Le 29 septembre 1964 sortait la première planche de Mafalda dans l’hebdomadaire « Esto Es » de Buenos Aires. Le 30 septembre 2020, Quino, le père de Mafalda, décédait à l’âge de 88 ans. Grâce à la fillette brune au nœud rouge dans les cheveux, délurée, progressiste, pacifiste, antipatriarcale et anticléricale, Joaquin Salvador Lavado Tejon dit Quino aura marqué des générations entières de contestataires et pas seulement en Argentine.
Àl’âge de 18 ans, Quino débarque à Buenos Aires, en provenance de sa province natale de Mendoza, avec une vocation : faire de l’humour et des bandes dessinées. Mais c’était les années 1950, et personne ne le publiait.
Des débuts difficiles
Des années difficiles, qui ne l’ont pas arrêté dans son travail. En 1954, il place une première bande dessinée et déclara plus tard que « le jour où j’ai publié ma première page, j’ai passé le moment le plus heureux de ma vie ». Ce n’était que le début d’un long combat pour représenter la réalité contre les injustices et les inégalités. Avec Mafalda et l’ironie à fleur de vignettes, il a créé la fille la plus critique d’une société patriarcale. Incisive, interrogatrice, réfléchie, mordante, Mafalda, fille d’une famille de classe moyenne, reflète les contradictions d’un monde plongé dans un tourbillon de guerre et combat par l’humour les politiques bellicistes des puissants, l’action de la police. Une approche micro et macro, politique et sociale à la fois. Rien n’échappe à la fillette avec son gang d’amis : Felipe, Manolito, Susanita et son petit frère Guille.
Un succès planétaire
Traduite en plus de 30 langues, Mafalda est un énorme succès international.

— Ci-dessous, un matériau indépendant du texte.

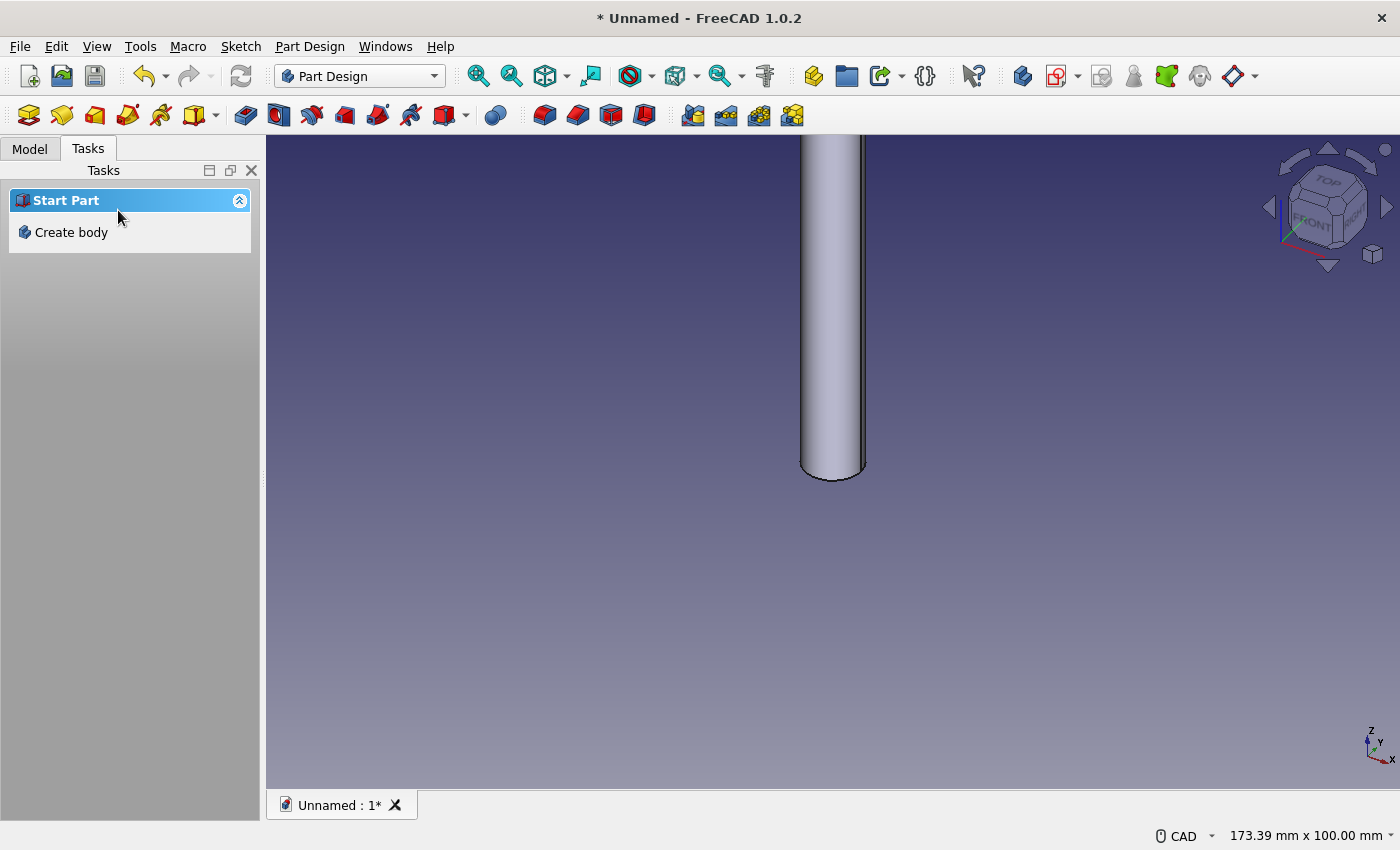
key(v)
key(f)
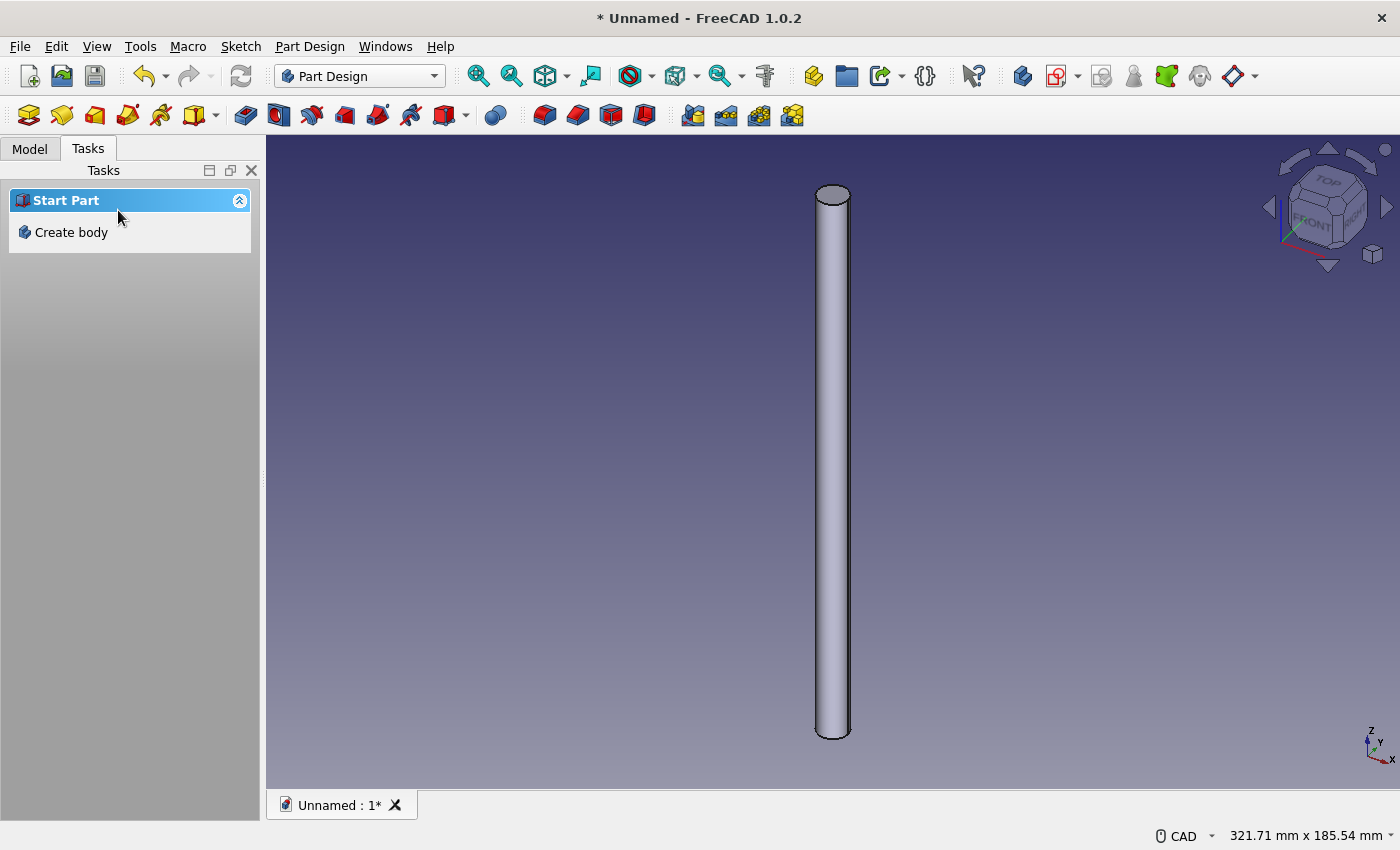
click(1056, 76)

Pourtant Quino, gagné par la lassitude du travail en série, refusa de poursuivre l’aventure dès 1974 et retourna à des œuvres sans personnage récurrent où les problèmes d’inégalités sociales, d’injustice, de corruption, de guerre et de préservation de l’environnement restent au centre des préoccupations de l’artiste qui se liera d’amitié avec Wolinsky et l’équipe de Charlie première période.
Quino fut l’invité d’honneur du festival d’Angoulème en 2014. Déjà malade, il ne put se déplacer pour inaugurer l’exposition qui lui était consacrée. Il répondit cependant par écrit à une interview.
Un politique très fin
Il déclara ainsi à propos de Mafalda : « Les questions qu’elle se pose sur la société parlent encore aux lecteurs d’aujourd’hui et sa vision reste d’une surprenante actualité et cela me surprend de voir que mes dessins réalisés il y a 40 ou 50 ans correspondent à des problématiques contemporaines. Ainsi, l’an dernier, des épisodes de Mafalda sont sortis en Italie, déclinés par thème, politique, économie... Et c’était incroyable comme mes dessins semblaient faire directement référence à la campagne de Berlusconi ! L’humour est universel. »
Et surtout immortel. En France, l’intégrale de Mafalda1 est souvent en rupture de stock mais continuellement rééditée. Quino, l’idéaliste, rêvait de changer le monde pour un avenir meilleur et pensait y contribuer modestement. Donnons-lui raison !
- 1. Chez Glénat, 696 pages inoubliables, pour 29 euros.